Please return the lines of the data that contain "bounding".

▶ **MATERIAL SUPPLIED**:
-------------------------
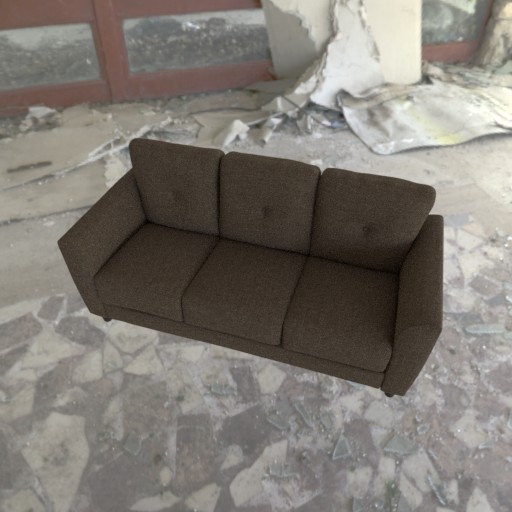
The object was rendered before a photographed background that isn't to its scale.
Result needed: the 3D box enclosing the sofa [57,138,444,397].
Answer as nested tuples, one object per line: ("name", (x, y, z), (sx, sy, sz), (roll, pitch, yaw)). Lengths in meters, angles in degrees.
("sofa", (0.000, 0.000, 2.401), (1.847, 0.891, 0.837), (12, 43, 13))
-------------------------
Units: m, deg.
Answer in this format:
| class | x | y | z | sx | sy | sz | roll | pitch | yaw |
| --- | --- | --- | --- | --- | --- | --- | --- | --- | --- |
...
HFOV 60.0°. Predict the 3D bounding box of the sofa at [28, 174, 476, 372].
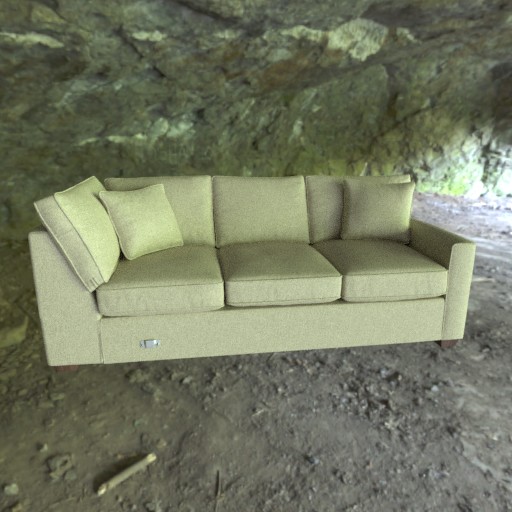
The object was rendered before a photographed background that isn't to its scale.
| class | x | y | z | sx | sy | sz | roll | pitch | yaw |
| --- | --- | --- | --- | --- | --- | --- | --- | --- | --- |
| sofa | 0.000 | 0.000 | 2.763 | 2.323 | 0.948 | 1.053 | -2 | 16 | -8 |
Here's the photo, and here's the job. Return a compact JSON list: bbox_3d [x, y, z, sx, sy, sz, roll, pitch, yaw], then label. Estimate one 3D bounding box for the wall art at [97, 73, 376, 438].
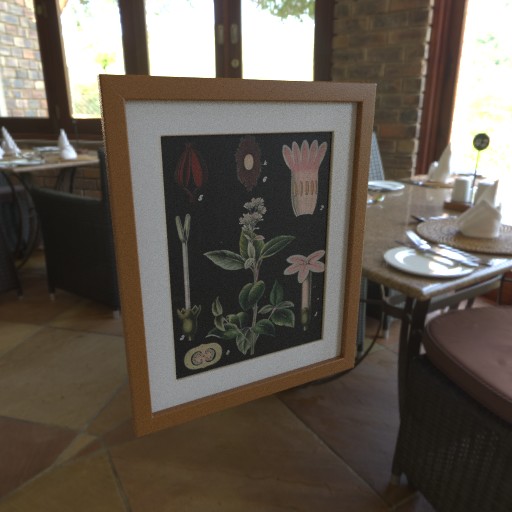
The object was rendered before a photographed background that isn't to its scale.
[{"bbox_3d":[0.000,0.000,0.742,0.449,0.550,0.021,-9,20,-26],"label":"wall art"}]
-------------------------
▶ **RESULT OF THIS EXERCISE**:
HFOV 60.0°. Predict the 3D bounding box of the sofa at [28, 174, 476, 372].
Here's the photo, and here's the job. Return a compact JSON list: bbox_3d [x, y, z, sx, sy, sz, roll, pitch, yaw], then label. Estimate one 3D bounding box for the wall art at [97, 73, 376, 438].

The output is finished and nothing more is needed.